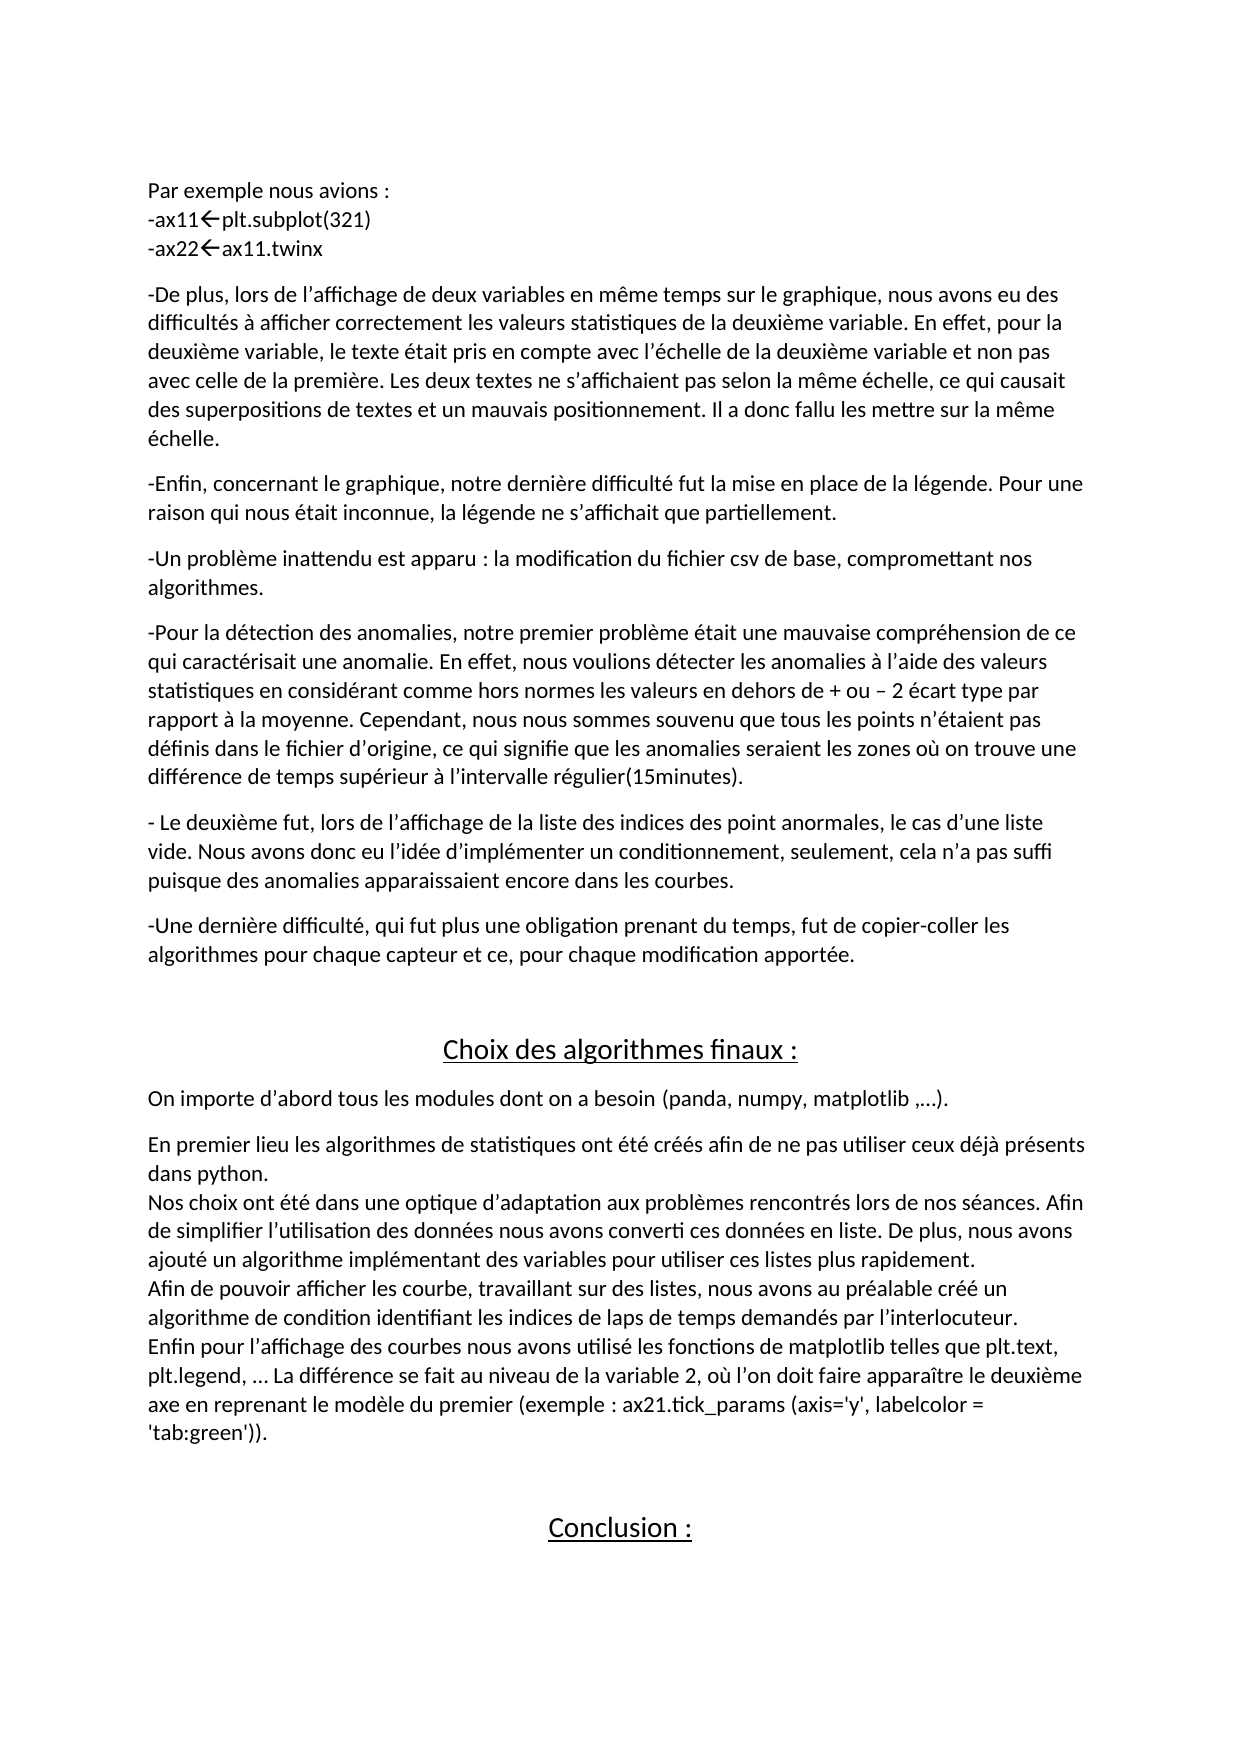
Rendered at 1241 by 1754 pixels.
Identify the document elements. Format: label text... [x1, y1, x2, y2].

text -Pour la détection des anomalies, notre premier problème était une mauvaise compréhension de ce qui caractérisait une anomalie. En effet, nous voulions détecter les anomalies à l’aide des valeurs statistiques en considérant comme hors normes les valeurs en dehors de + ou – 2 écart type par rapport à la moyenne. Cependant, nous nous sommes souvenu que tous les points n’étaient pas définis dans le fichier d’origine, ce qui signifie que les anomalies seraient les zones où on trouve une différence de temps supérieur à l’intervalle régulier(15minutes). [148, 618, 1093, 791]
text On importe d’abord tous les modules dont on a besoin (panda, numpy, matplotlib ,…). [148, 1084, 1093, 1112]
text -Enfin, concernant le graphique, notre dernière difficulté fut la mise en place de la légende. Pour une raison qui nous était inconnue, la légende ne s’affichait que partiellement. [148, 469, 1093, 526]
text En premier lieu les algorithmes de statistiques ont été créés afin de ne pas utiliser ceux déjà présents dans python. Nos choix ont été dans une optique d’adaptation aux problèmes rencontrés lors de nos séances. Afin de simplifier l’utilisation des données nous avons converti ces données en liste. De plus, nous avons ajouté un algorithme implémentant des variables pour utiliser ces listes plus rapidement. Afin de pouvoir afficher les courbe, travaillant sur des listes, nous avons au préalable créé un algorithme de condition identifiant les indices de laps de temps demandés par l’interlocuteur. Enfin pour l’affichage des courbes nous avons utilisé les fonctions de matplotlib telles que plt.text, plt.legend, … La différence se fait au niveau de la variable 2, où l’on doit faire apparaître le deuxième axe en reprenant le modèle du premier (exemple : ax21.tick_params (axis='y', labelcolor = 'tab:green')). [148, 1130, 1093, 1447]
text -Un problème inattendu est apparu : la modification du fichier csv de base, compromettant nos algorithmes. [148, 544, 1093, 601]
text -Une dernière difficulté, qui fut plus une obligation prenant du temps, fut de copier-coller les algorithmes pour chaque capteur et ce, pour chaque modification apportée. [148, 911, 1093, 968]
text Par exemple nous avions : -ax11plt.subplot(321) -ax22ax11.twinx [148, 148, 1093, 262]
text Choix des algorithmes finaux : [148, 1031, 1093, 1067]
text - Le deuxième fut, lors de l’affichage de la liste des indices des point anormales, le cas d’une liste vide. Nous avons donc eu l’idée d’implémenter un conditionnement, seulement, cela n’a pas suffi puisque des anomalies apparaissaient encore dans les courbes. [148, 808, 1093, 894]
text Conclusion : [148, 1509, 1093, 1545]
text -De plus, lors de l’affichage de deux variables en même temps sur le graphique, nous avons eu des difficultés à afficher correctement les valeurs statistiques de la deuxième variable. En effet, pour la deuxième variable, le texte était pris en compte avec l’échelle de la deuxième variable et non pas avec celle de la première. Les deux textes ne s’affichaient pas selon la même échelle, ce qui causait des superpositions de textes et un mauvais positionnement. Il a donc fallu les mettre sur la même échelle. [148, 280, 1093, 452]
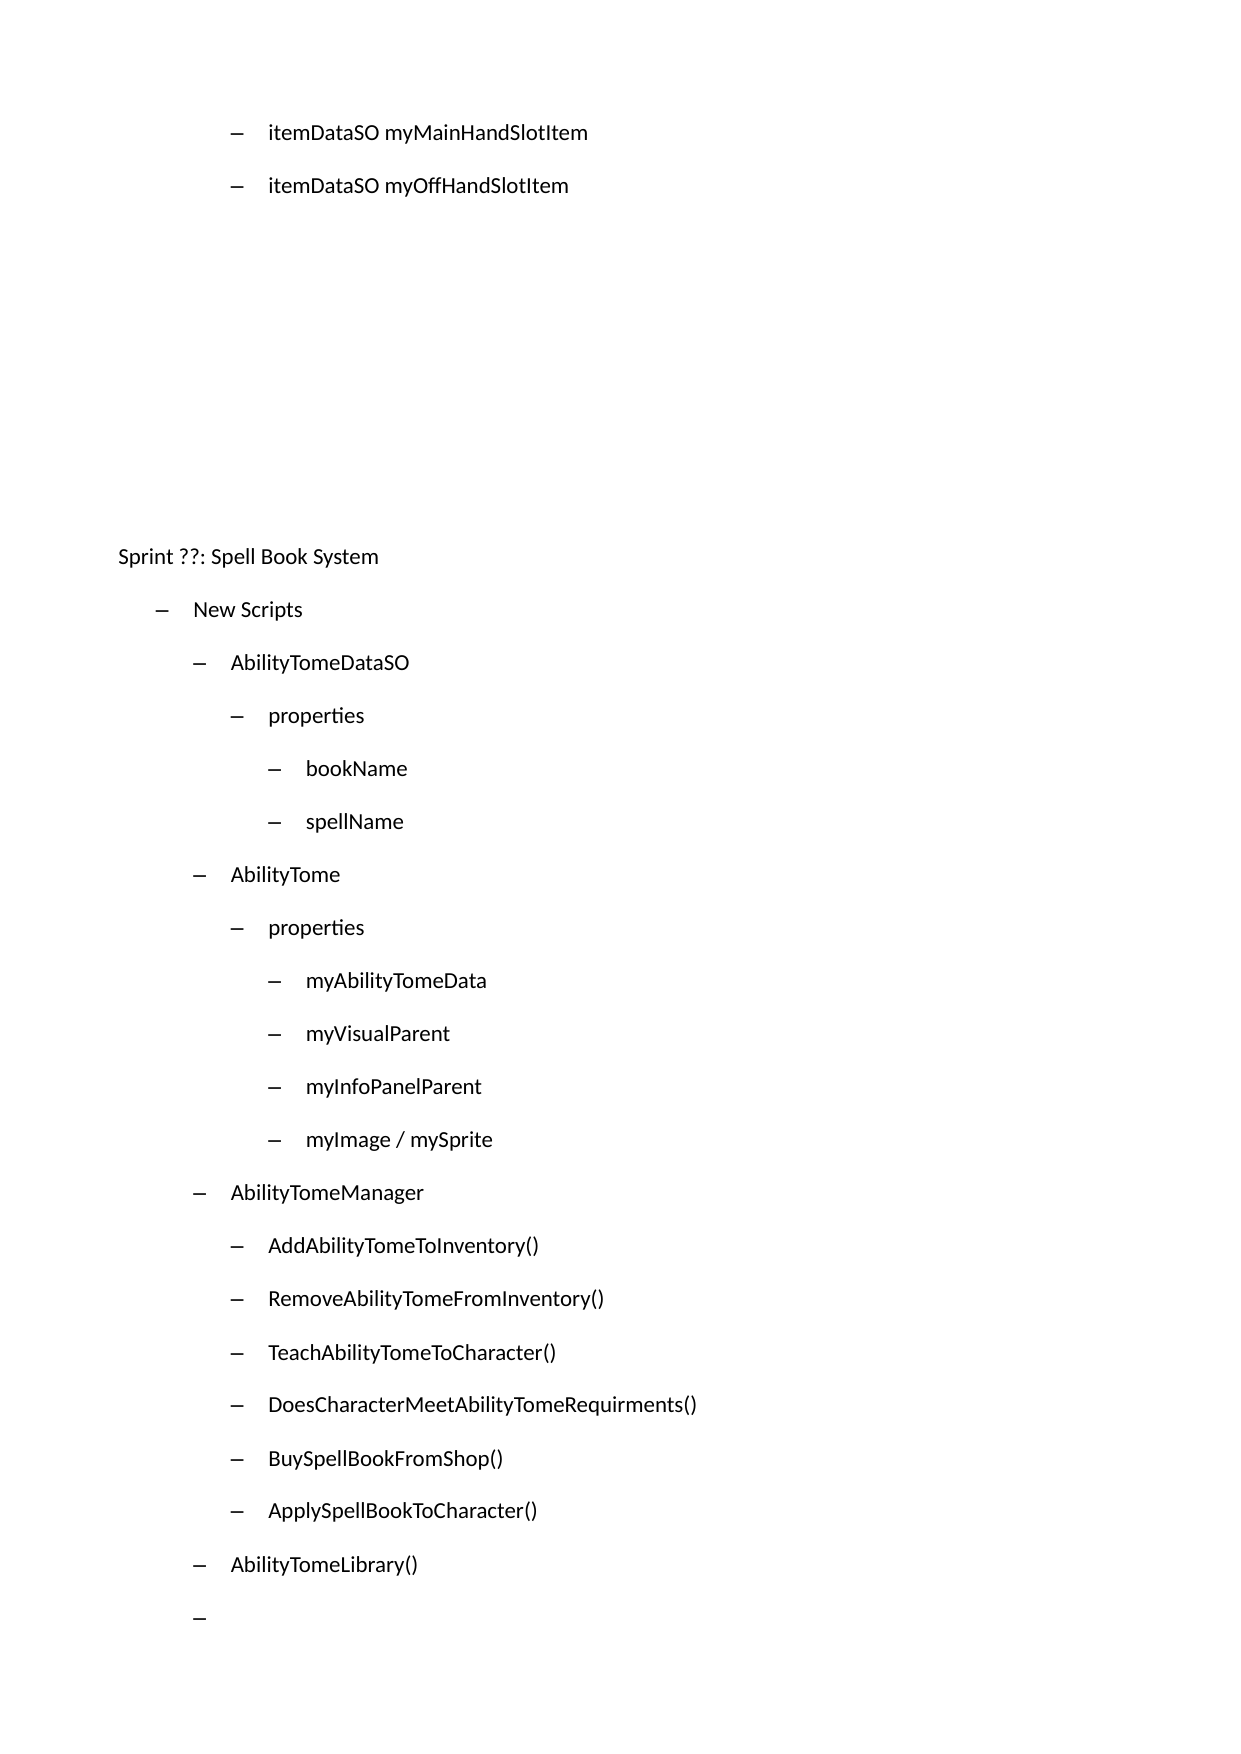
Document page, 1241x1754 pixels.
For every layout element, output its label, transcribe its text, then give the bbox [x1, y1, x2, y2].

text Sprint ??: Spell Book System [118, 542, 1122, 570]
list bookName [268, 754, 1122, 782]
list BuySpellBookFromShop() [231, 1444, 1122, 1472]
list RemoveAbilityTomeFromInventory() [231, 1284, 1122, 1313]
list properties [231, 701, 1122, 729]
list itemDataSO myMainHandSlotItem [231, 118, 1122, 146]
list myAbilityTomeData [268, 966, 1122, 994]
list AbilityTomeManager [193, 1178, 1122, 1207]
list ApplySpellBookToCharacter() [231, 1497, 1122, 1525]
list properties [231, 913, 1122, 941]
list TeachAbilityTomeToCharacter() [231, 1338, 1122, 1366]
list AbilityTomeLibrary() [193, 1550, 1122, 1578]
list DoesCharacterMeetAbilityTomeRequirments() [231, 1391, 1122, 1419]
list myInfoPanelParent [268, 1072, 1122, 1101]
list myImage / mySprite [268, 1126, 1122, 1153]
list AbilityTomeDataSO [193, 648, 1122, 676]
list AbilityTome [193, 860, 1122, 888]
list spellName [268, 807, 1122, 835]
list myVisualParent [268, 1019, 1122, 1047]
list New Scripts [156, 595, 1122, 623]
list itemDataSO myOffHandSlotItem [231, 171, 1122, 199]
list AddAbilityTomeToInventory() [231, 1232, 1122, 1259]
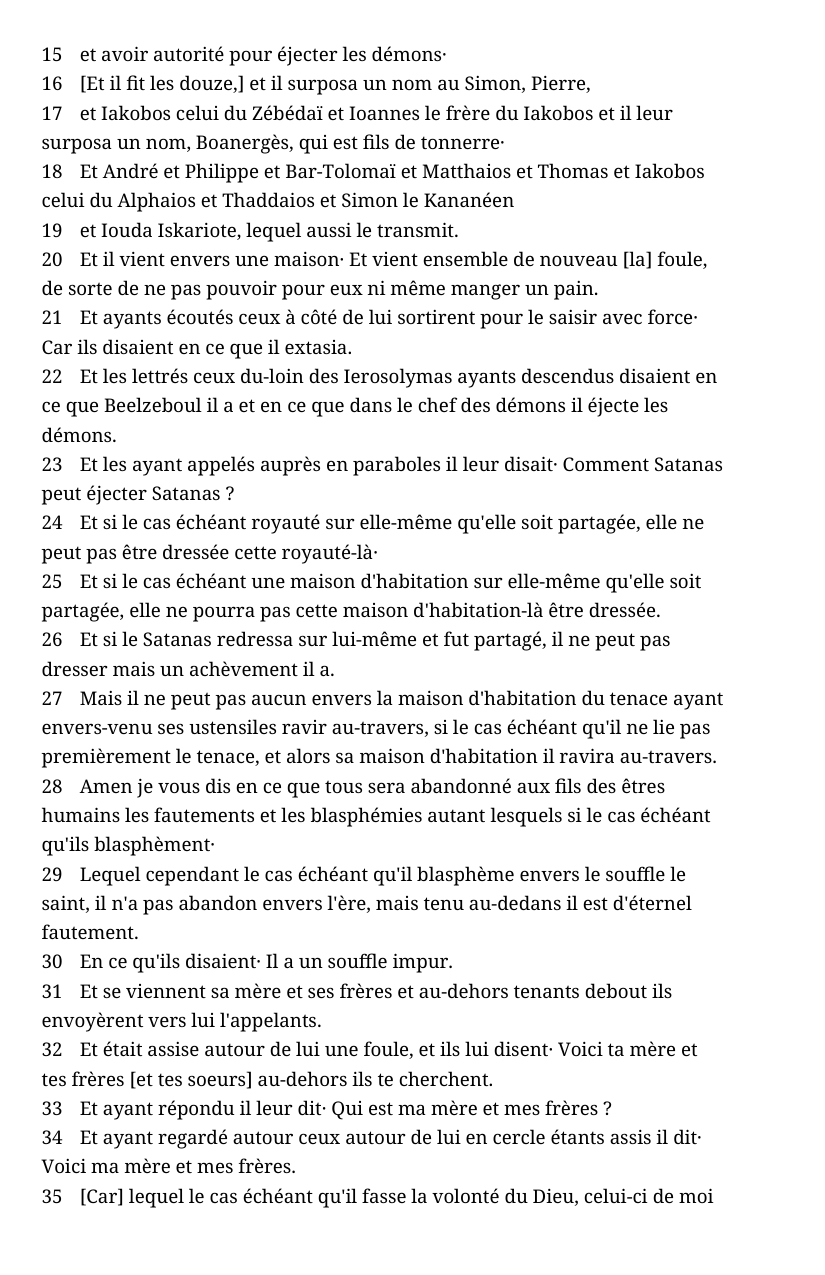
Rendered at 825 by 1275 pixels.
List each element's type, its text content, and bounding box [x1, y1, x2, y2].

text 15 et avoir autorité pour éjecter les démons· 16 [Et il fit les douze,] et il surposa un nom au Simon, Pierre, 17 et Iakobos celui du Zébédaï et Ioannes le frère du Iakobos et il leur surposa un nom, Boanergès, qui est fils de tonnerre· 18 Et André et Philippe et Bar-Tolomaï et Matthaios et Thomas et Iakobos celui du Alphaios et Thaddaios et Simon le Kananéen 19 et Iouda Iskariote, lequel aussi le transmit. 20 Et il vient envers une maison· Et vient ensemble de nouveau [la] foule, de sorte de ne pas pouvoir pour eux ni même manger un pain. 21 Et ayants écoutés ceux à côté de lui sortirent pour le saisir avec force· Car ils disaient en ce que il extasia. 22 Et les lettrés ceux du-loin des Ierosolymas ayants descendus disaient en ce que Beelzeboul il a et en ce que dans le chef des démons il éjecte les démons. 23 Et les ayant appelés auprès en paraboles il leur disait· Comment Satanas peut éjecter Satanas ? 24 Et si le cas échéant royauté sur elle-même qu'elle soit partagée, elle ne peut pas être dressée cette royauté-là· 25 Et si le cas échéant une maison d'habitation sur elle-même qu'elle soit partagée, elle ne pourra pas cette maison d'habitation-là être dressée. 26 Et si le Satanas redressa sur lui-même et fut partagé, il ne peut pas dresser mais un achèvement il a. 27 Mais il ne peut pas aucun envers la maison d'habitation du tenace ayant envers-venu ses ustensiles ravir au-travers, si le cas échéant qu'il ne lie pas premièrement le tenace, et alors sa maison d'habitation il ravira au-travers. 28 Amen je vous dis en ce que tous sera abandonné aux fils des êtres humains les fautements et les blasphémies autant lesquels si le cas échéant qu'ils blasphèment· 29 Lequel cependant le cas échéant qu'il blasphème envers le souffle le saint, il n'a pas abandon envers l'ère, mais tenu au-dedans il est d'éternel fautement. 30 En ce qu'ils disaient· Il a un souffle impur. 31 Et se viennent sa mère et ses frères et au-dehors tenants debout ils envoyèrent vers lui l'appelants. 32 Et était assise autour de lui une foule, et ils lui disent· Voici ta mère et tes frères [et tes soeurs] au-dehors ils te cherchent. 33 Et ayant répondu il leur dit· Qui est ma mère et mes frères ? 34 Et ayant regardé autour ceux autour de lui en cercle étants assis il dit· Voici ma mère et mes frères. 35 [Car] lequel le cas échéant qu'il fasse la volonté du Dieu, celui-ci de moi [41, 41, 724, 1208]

• _WHAT TO PRODUCE_
Check each line of the material above for the word "donc", then state how many lines hold it. Only the number.

• _RESPONSE TO THIS EXERCISE_
2